__Instructions for the task__: Among the entries, which lines carry the string "from"? Copy every one.

Source records:
>>

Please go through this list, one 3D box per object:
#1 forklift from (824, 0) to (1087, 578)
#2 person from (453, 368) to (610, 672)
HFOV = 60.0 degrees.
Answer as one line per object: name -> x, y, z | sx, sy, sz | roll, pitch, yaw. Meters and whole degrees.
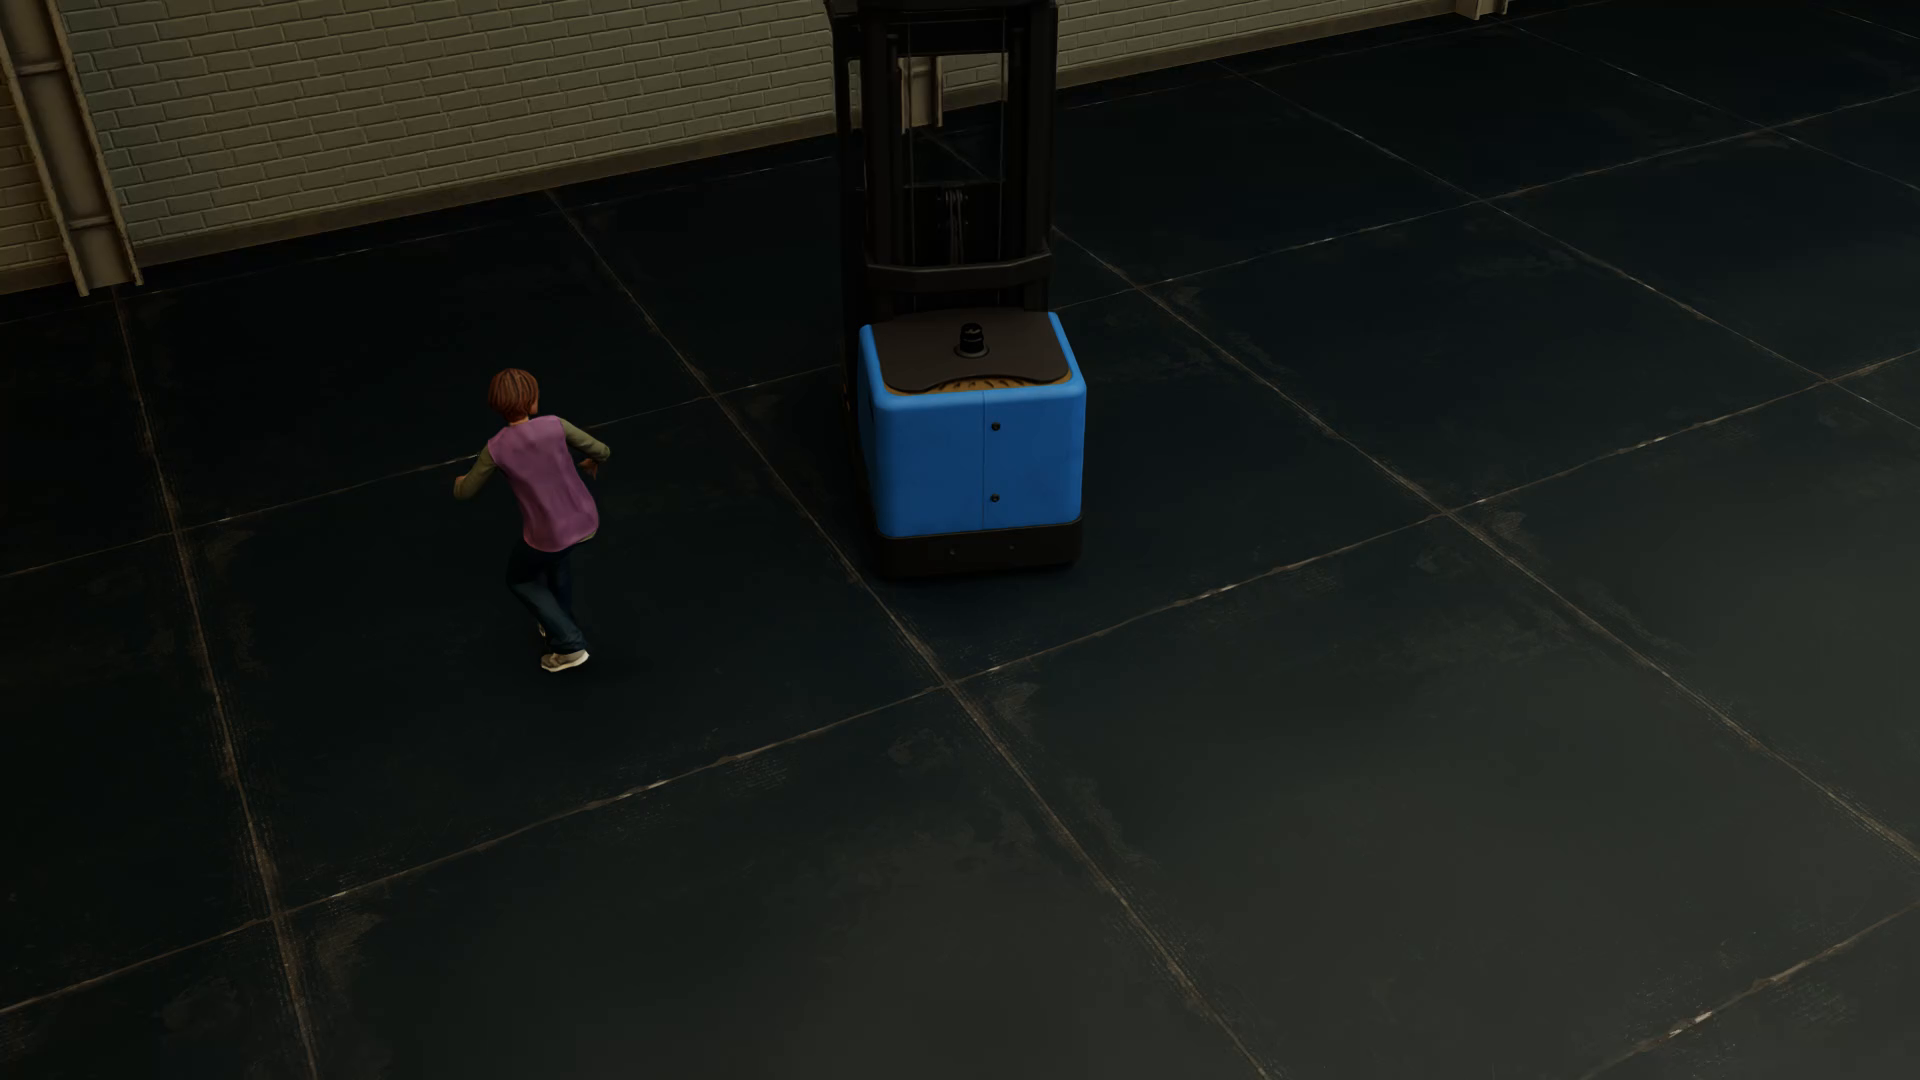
forklift -> -0.108, -1.850, 8.740 | 1.130, 2.935, 3.031 | -5, 36, -7
person -> -1.919, -0.128, 7.547 | 0.694, 1.505, 0.672 | -28, 44, -34
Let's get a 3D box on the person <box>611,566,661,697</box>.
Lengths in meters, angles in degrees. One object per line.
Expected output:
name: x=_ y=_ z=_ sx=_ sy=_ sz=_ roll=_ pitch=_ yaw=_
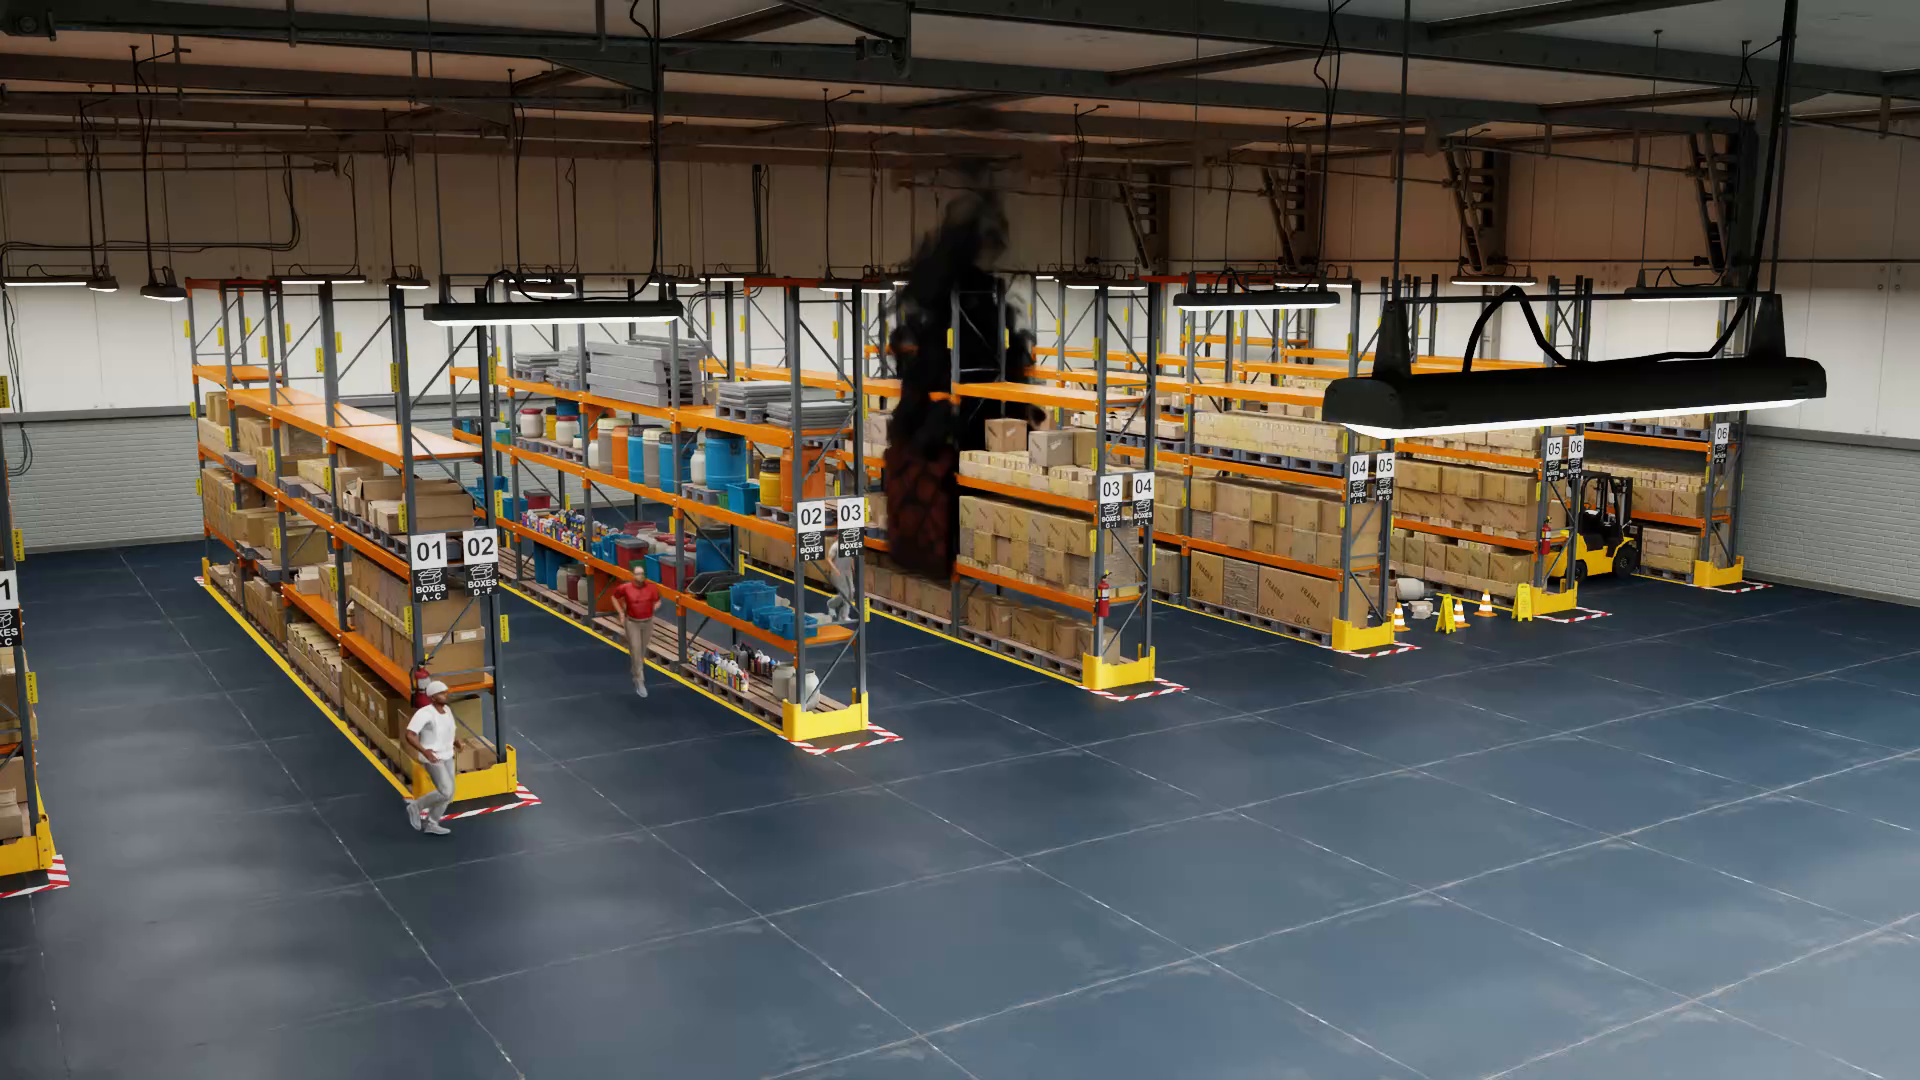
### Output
person: x=-4.548 y=1.258 z=23.623 sx=0.648 sy=1.809 sz=0.778 roll=-6 pitch=11 yaw=-34

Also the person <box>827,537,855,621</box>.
person: x=-2.008 y=0.565 z=28.042 sx=0.550 sy=1.632 sz=0.544 roll=-9 pitch=13 yaw=-43

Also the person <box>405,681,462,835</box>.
person: x=-5.806 y=2.415 z=18.519 sx=0.496 sy=1.711 sz=0.717 roll=3 pitch=10 yaw=15

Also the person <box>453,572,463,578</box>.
person: x=-8.775 y=0.440 z=28.793 sx=0.536 sy=1.586 sz=0.880 roll=-9 pitch=13 yaw=-43

<<

__Answer space__:
#1 forklift from (824, 0) to (1087, 578)
#2 person from (453, 368) to (610, 672)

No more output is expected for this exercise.